• **What is expected**
Go through the data and tally the lines that include "below". The reply is that number alone.

[[ Material supplied open ]]

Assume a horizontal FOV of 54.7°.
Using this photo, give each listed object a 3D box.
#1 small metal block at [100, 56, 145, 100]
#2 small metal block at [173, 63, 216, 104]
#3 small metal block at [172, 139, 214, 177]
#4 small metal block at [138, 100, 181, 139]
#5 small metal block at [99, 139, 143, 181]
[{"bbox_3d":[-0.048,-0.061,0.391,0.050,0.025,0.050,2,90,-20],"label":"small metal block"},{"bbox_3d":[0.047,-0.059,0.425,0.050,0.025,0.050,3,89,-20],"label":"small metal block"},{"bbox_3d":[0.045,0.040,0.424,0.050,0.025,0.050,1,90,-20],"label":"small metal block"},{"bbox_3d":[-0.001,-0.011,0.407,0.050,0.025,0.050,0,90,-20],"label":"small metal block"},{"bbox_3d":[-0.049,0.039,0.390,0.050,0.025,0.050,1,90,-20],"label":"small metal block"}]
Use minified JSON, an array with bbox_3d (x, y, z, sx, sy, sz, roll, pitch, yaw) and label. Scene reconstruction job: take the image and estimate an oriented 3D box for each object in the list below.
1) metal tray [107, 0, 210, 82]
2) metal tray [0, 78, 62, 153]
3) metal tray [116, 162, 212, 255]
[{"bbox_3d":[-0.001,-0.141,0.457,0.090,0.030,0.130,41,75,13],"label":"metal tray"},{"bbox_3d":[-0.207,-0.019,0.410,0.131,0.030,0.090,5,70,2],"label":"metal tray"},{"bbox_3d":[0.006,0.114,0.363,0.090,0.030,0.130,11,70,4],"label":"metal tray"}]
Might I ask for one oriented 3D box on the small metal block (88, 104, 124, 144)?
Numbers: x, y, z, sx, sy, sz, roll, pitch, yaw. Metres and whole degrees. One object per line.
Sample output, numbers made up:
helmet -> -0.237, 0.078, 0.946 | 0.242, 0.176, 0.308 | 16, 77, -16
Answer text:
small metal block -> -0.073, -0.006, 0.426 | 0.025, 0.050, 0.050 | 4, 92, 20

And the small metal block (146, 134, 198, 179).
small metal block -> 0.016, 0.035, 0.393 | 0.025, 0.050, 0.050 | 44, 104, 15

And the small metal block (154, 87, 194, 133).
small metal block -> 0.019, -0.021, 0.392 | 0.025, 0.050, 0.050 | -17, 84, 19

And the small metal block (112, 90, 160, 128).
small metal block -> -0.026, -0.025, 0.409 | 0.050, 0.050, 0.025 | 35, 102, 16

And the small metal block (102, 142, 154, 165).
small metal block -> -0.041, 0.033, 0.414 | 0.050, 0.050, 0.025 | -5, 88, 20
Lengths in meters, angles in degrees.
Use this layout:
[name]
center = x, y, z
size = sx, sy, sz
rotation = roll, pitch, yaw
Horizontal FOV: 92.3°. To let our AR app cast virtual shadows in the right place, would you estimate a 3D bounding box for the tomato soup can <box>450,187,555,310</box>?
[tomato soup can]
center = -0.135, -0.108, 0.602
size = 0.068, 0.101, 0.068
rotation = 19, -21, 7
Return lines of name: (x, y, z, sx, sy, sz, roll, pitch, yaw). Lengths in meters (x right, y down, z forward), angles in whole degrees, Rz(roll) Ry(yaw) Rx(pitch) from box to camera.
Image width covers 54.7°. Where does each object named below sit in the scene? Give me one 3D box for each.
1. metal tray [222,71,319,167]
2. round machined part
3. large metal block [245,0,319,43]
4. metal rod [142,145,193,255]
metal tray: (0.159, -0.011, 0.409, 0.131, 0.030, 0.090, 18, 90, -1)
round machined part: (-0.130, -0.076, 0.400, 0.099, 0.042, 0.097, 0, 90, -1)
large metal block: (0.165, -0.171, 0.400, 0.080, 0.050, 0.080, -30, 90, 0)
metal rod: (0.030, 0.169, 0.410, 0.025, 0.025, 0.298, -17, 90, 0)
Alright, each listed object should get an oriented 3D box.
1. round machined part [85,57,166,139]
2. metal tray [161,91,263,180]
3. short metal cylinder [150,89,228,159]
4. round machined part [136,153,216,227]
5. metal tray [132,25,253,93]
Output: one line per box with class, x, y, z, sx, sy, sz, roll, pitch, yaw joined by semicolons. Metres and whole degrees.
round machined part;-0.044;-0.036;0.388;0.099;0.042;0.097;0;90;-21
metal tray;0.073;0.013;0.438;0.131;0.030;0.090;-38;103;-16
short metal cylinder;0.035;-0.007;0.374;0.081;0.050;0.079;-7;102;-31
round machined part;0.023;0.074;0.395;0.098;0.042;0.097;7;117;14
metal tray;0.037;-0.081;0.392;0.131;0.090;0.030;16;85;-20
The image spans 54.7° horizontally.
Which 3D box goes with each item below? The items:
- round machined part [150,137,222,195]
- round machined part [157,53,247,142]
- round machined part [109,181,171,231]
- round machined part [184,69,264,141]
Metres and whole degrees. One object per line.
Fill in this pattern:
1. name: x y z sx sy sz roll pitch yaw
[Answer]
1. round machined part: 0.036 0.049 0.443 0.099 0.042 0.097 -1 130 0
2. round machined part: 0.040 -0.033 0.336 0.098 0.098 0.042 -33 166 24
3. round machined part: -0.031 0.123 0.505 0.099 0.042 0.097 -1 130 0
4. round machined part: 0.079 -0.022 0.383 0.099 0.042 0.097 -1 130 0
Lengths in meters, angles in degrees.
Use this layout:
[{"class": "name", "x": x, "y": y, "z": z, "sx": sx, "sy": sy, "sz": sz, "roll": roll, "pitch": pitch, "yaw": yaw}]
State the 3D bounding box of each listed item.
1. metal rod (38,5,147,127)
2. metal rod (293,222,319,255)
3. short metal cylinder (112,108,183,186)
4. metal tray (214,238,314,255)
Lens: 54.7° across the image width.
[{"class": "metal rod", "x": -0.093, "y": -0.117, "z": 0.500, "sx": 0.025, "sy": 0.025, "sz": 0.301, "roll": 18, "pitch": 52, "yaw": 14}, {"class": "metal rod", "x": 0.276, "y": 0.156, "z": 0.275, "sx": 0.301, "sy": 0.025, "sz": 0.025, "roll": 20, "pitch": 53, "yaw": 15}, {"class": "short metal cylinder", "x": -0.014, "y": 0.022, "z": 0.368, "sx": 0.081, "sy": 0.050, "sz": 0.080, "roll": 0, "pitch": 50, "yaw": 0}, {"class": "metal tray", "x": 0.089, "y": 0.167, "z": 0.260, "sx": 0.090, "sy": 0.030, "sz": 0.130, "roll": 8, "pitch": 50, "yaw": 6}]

[[ Material supplied closed ]]

• **Expected answer**
3